Specifically in the erasure coding system, RAFI speed up the identification on the failure data chunks of the high risk stripes which accelerates the recovery of the high risk stripes. At the same time, postpone the identification of the failure data chunks in low risk stripes. This reduces the network flow caused by unnecessary recovery. Sequentially increase the system service ability. During the recovery of high risk stripes, the identification of the failure data chunks is in the dominant position. Thus RAFI can effectively accelerate the recovery of high risk stripes. Thanks to the majority of the stripes to be recovered are with a small amount of failure data. Hence postponing the identification of low risk stripes can effectively lower the network flow caused by recovery.

Fig. 3: Impacts of different erasure coding schemes on the RAS
Fig. 4: Impacts of constrained recovery network bandwidth on the RAS

xExperimental results show, in an RS(6,3) coding storage cluster with 1,000 nodes. RAFI can reduce 28% recovery network flow, promote 11 times reliability and decrease 45% unavailable time in the best case scenario compare to conventional strategy. In a triple replica system, RAFI can promote 4 times reliability, at the same time, the extra recovery flow won’t be over 1 % of the total recovery flow. As for the erasure coding system. High repair penalty will cause recovery flow doubles and redoubles, which will drastically influence other services in the system. Therefore, the recovery flow problem is more important in the erasure coding system.

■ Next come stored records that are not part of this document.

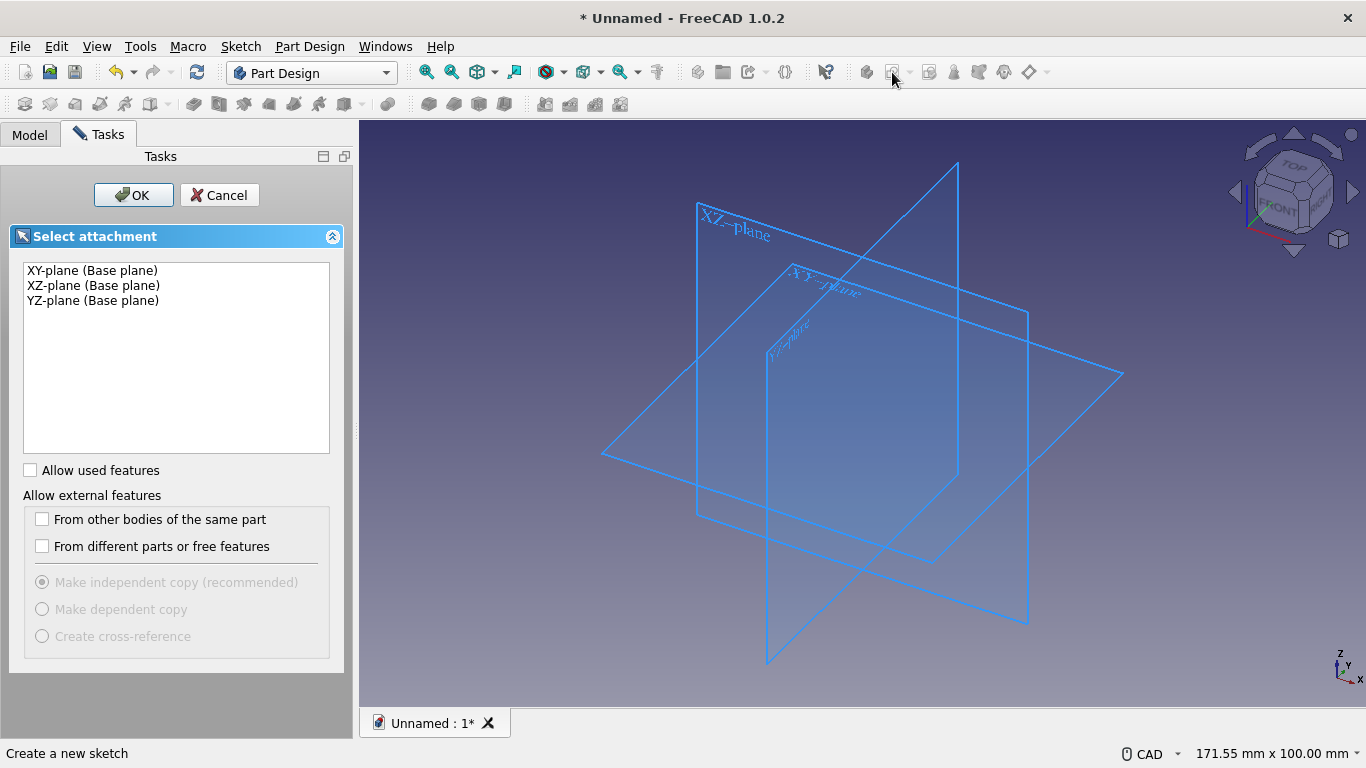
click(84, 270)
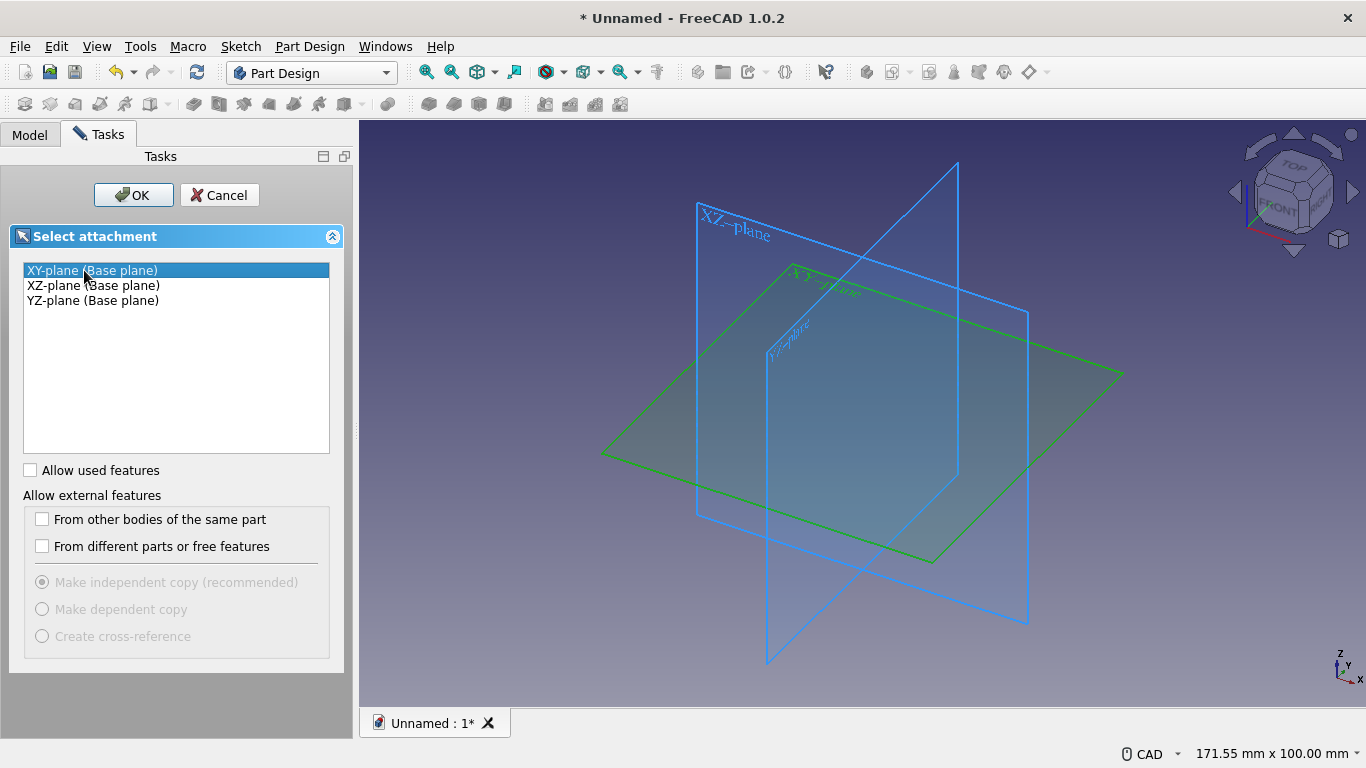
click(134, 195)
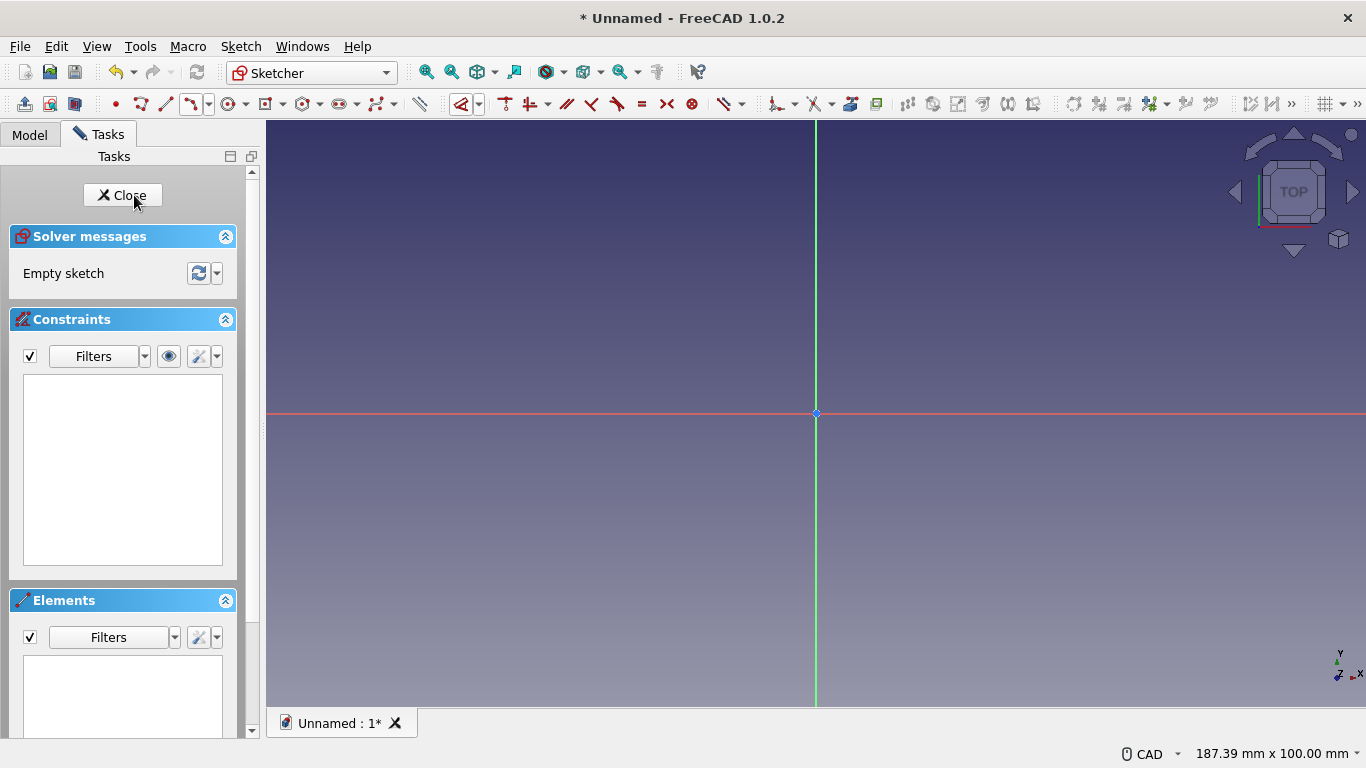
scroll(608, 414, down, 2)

In conclusion, the benefits of RAFI are:

(1) We can speed up the identification of the failure data chunks in the high risk stripes, and increase the reliability and availability;

(2) We can postpone the identification of the failure data chunks in the low risk stripes, and reduce recovery flow. Sequentially increase the ability of service.

Summary: MEMO decentralized cloud storage system originally created RAFI based on the multilevel fault-tolerant mechanism. It greatly boosts up the data recovery and effectively increased the reliability, availability and service ability. As a result, it becomes the core advantage of MEMO Decentralized Cloud Storage.